The present study showed that age was significantly associated with HBV. The study participant’s age groups from 15 to 24, 25–34, and 35–44 were three times more likely to have HBV infection. This finding is consistent with the study reported from, Gondar, Ethiopia [19], and Nigeria [27]. This might be due to tattooing, drug use, those age groups that are sexually active in nature, alcoholism, and occupational exposure. Hence, this may be an implication to take action such as increased resource mobilization for prevention and control of this infection, improve awareness of this group about the availability of vaccination, increase coverage of youth-friendly service in the health facilities, actions to prevent transmission of the virus, guidelines for screening, diagnosis. Moreover, age is thought to be strongly associated with hepatitis B infection those individuals aged 45–54 were also 2.4 more likely to acquire HBV infection. This finding was also supported by studies conducted in Brazil [31] and [27]. This might be due to the increased practice of dental extraction out of health institutions with unhygienic conditions and without proper sterilization[25].

In the current study, age and sex were statistically significant with hepatitis C infection. This is agreed with finding reported from Gondar, Ethiopia [19], and Nigeria [27].

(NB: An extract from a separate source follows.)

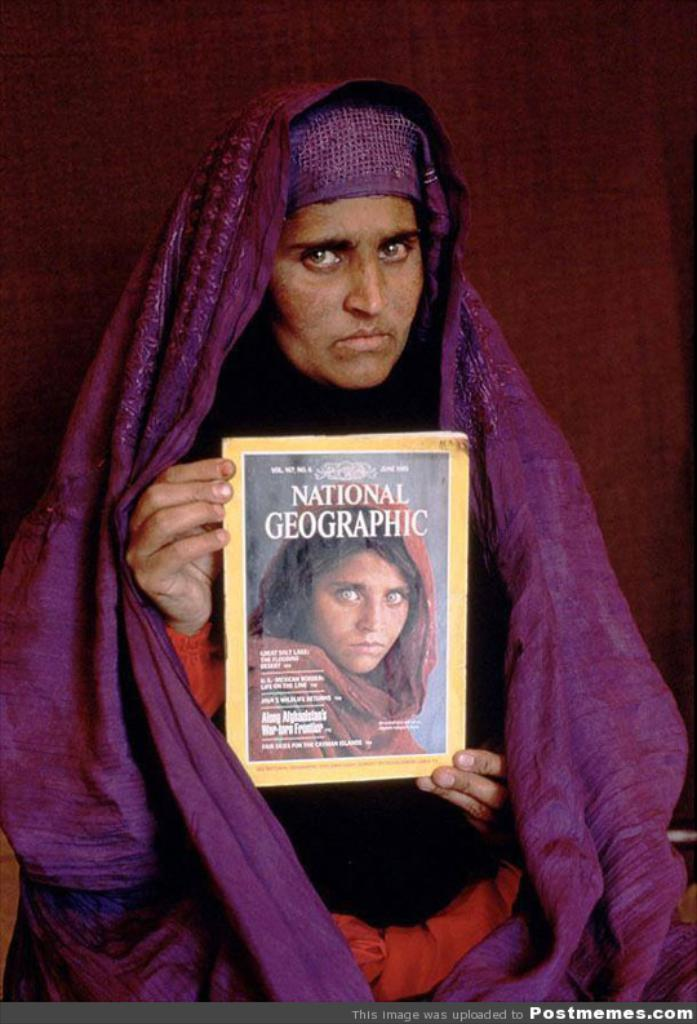What is the woman wearing in the image? The woman is wearing a black and red dress and a purple cloth around her. What is the woman holding in the image? The woman is holding a book in her hands. What is the color of the background in the image? The background color is brown. Can you see any fangs on the woman in the image? There are no fangs visible on the woman in the image. Is there a monkey present in the image? There is no monkey present in the image. 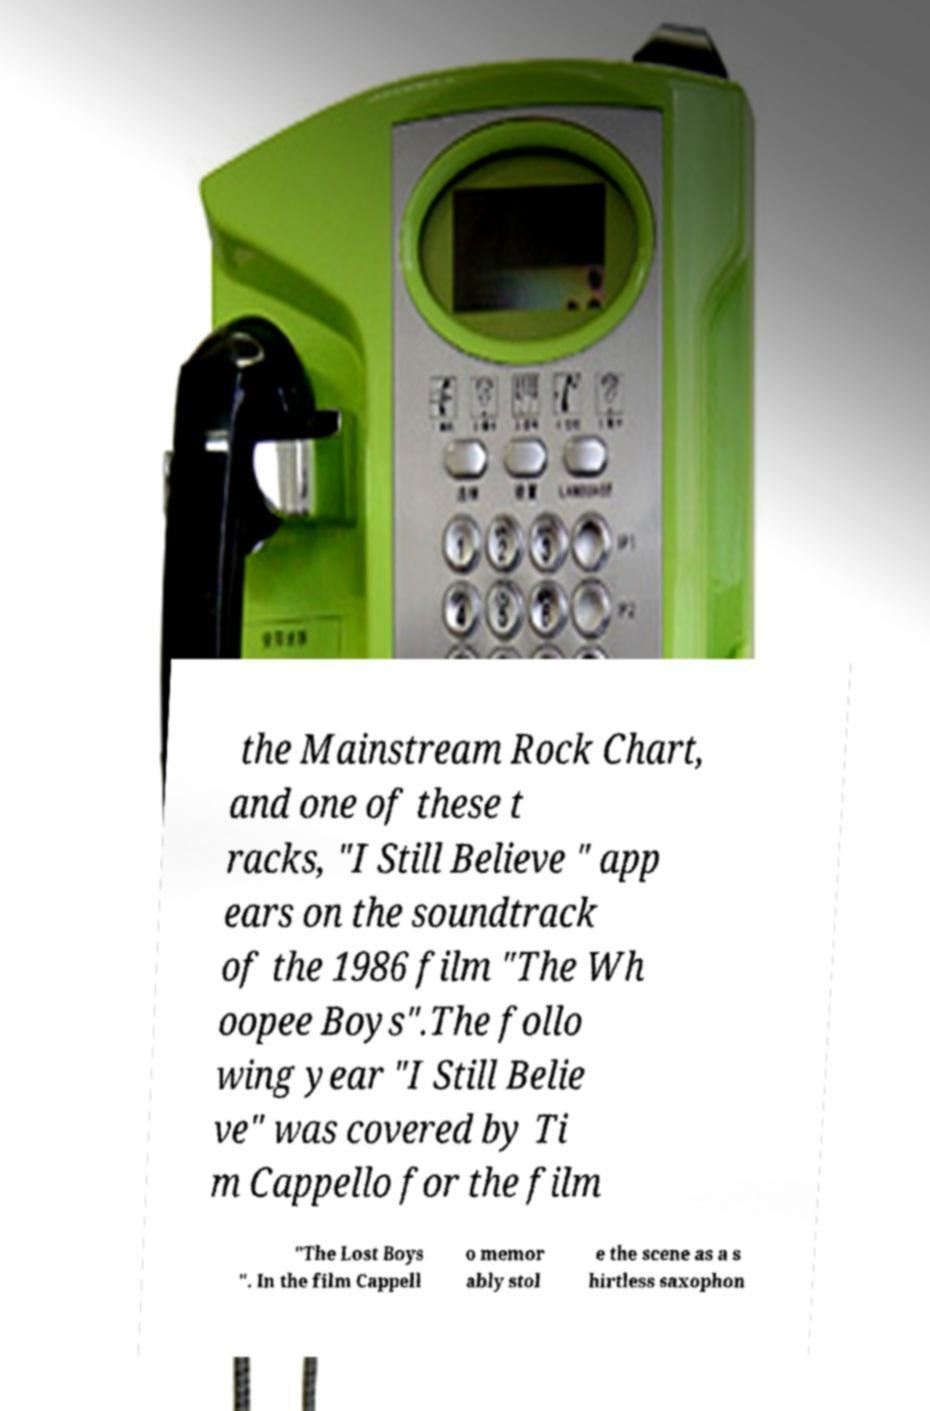For documentation purposes, I need the text within this image transcribed. Could you provide that? the Mainstream Rock Chart, and one of these t racks, "I Still Believe " app ears on the soundtrack of the 1986 film "The Wh oopee Boys".The follo wing year "I Still Belie ve" was covered by Ti m Cappello for the film "The Lost Boys ". In the film Cappell o memor ably stol e the scene as a s hirtless saxophon

In our study, the prevalence of hepatitis B virus infection showed a significant upward in 2014. Even though a gradual decline was shown from 2015 to 2017, small peaks were observed from 2018 to 2019. The decrease in the prevalence of the hepatitis B virus may be attributed to the increasing awareness of the population about the method of transmission and prevention, and the control mechanism of the infection. Whereas, small peaks might be due to increasing awareness towards screening from 3897 to 2017, 4498 in 2018, and 7538 in 2019 and increased awareness of the hepatitis B virus which already exists in the community.

Additionally, the prevalence of hepatitis C virus infection was varied noticeably in different years. Trend of HCV prevalence was observed among clinically suspected individuals in2014, 5.6% then it was increased to 12.65% in 2015 and lowered to 0.0% 2016. On the other, a small fluctuation was shown for HCV from 2017, 2.46%, 2018, 0.73%, and 2019, 0.81%. During the subsequent period studied, it fluctuated, peaking attributed to increasing in HCV screening for the clinically suspected patients.

Limitations

Since the study is secondary data from the logbook data incompleteness, lack of the associated risk factor, and poor document retention system were a limitation of this study.

Furthermore, for future researcher detection and introduction of PCR-based screenings are important.

Conclusions

The overall trend prevalence of hepatitis B and C viruses among patients suspected and referred to Adigrat Hospital serology laboratory were 3.57% and 2.13%, respectively. Despite the fluctuation in the trend analysis of hepatitis B and C we observed a bit of elevation from 2014 to 2015. Additionally, there was a rapid decline in hepatitis B and C occurrences from 2015 to 2016. Moreover, there was almost constant prevalence from 2016 to 2019. Being male and age group 15–44 and age ≥ 65 were significantly associated with the chance of acquiring hepatitis B infection. Therefore, this can affect the more productive age at the household and zonal levels. Hence, our recommendation is to improve awareness about a method of transmission, increase resource mobilization such as immunization to that group, increase coverage of youth-friendly services in the health facilities and guidelines for screening and diagnosis should be implemented.